At home with my family in Cincinnati, amid the boredom and silence of seemingly endless stay-at-home orders, I kept getting an urge to make something, or do something with my hands. I’d start thinking that some strumming might cheer me up and keep my mind occupied. I’d find myself reaching for that ukulele, and then I’d remember — it wasn’t there.

After the college decided to finish the spring of 2020 remotely, it enlisted students to work as storage auditors, charging them with the task of sorting through and packing up all that had been left behind. Before I returned to Swarthmore for the spring semester, I had heard rumors that there were unoccupied dorm rooms stacked with towers of cardboard boxes, each one filled with the contents of someone’s college life.
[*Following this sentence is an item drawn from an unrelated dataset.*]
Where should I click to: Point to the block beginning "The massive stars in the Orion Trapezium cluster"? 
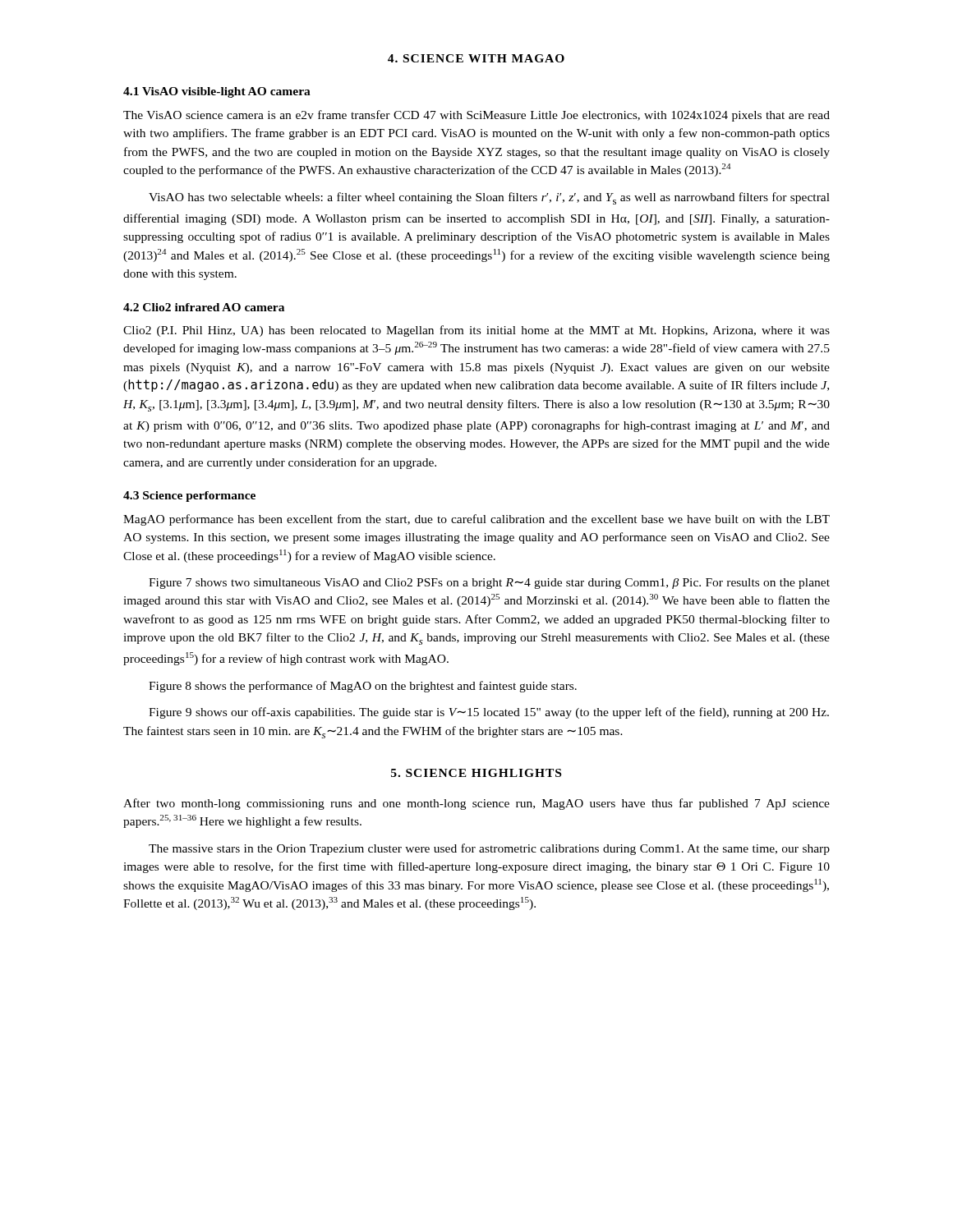click(x=476, y=876)

Once I was back on campus, I snuck a glimpse inside one of these rooms. You could barely open the door because there was so much piled against it: lamps, textbooks, trash bags, and Sharpie-marked boxes. They were numbered: 11 out of 20, 12 out of 20, 13 out of 20. Those labels were written reminders of just how many belongings had been deserted in the dorms. 

Hannah herself worked as an auditor. “It was weird,” she recalls. “It’s such an intimate, private thing to go through someone else’s stuff.” 

Many people were ecstatic to be reunited with their treasured possessions. Still, there’s something bittersweet about coming back to an object you haven’t seen in what feels like ages, and being confronted with the relics of the pre-pandemic world. The past year was filled with so much growth, both positive and painful. It’s almost like we were different people when we last held our cross-stitches and ukuleles. 

In September, when Hannah unboxed her unfinished cross-stitch project, she found herself holding back tears. It had waited patiently for her since March, its loose ends and half-formed image suggestive of the sort of unraveling we’d all felt during the year. She could hardly wait to get back to work. 

Once she completed the nearly 10,000 stitches that made up the design, she gave the finished project to her friend as a belated birthday present. The shadowy forest landscape, threaded through with flickers of firefly light, seemed a fitting emblem of what they had been through. 

Madelon Basil is a junior at Swarthmore College majoring in English. She is interning at the Swarthmorean this spring with funding from the college’s Lang Center for Civic and Social Responsibility.